方塊大小的糯米餈乖乖地躺在翠綠的盤子裡,碼得齊整,上面撒了煎炸得金黃的椰絲,白嫩柔軟中帶著金黃,若蔚轉身跑進屋中,飛快洗乾淨手,接過唐寶手中的盤子大快朵頤,小臉上淨是滿足,見唐寶站在院子中,忙挪了挪位置,招呼他過來坐下,唐寶走前幾步,靠著若蔚坐在臺階旁,夕陽西下,淡淡的餘暉傾灑在地上,平靜中有一絲安寧,唐寶白裡透紅的臉蛋上有一些恍惚——自己過著這般輕鬆的日子,是多久以前了。

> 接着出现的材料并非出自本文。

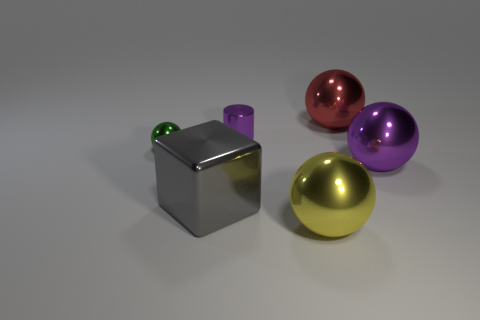How many other things are the same color as the metal cylinder?
Your response must be concise. 1. What is the color of the metallic ball that is in front of the large gray metal thing?
Your answer should be very brief. Yellow. Are there any yellow things that have the same size as the yellow shiny sphere?
Ensure brevity in your answer.  No. How many objects are either large spheres in front of the small purple metal cylinder or things that are in front of the large gray object?
Your answer should be compact. 2. Are there any tiny things that have the same shape as the large red object?
Offer a terse response. Yes. How many rubber things are either cylinders or yellow cubes?
Your answer should be very brief. 0. The tiny purple thing is what shape?
Ensure brevity in your answer.  Cylinder. What number of tiny spheres are made of the same material as the purple cylinder?
Keep it short and to the point. 1. What color is the cylinder that is the same material as the big purple ball?
Your answer should be very brief. Purple. Do the metallic ball behind the purple shiny cylinder and the big yellow ball have the same size?
Ensure brevity in your answer.  Yes.

若蔚抬頭,見此情景,想起初見唐寶那時的臉龐,心裡有個邪惡的聲音在吶喊:“好想啃上一口啊”,唐寶轉頭見若蔚看他,只覺得眼神晶亮,頓叫自己頭皮發麻,忙低頭吃起糯米餈來,平日裡對自己手藝熟悉到有些麻木的唐寶,此刻卻是滿口生香,分外享受自己的勞動成果。
“唐寶”耳邊傳來若蔚的聲音。
“恩?”唐寶嘴上沾著椰絲,囫圇應道。
“你為什麼會來嶗山呢?”
唐寶咀嚼的嘴巴停頓了下,待嚥下糯米餈,才笑著說:“奉命行事吧,學學本領,那你呢?”

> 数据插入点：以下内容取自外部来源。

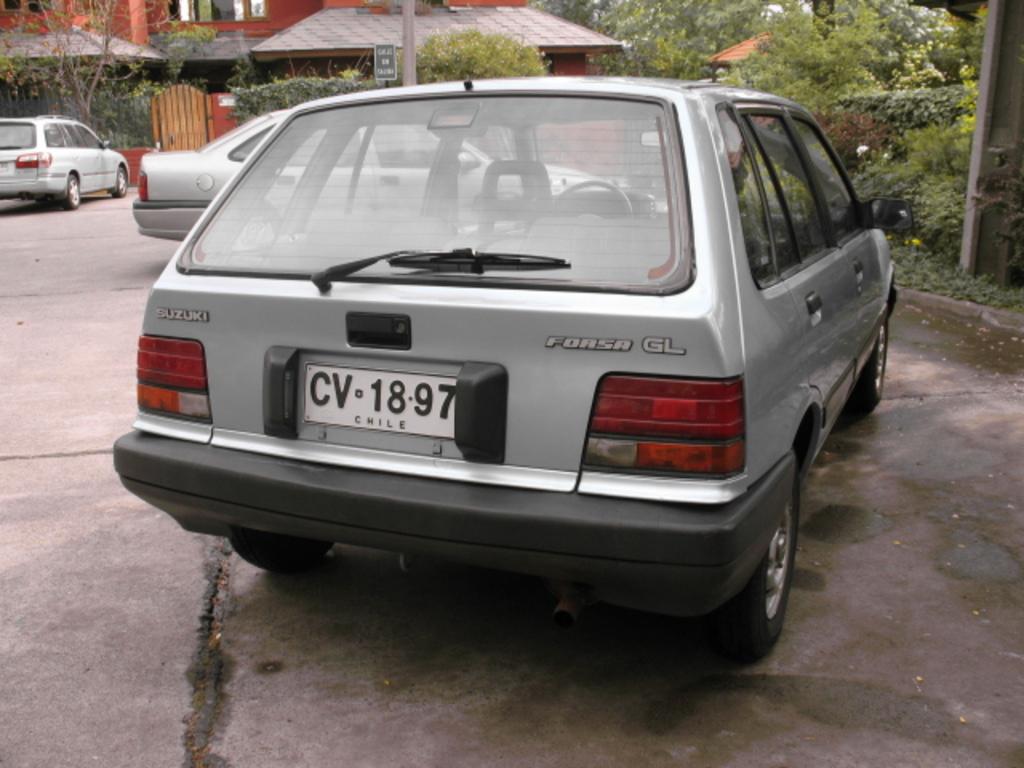What country is mentioned on the license plate?
Your answer should be compact. Chile. What company made the car?
Your answer should be very brief. Suzuki.

抬頭看見若蔚瞬間如川劇變臉,神情凝重,唐寶一愣,也不敢伸手去取糯米餈了,只是不解地看著她,以為自己惹起了若蔚的心中往事,剛要開口,便見若蔚迅速伸手一撈,輕輕鬆鬆將剩下的糯米餈都塞進口中,小嘴鼓鼓地,嘟囔著說道:“管吃管住唄。”
“……”唐寶滿臉黑線。
八月十五臨近,嶗山上下正為大師兄王生和佛山淨水的薛琴結為道侶而奔忙,到處都是衣袂飄飄,人影奔走的忙碌景象,這天若蔚晨練完,就順路拐到廚房看小白,不見人影,聽得小師弟們說,這兩天陸續會有貴客駕到,唐寶一早就帶著小白下山採辦食材。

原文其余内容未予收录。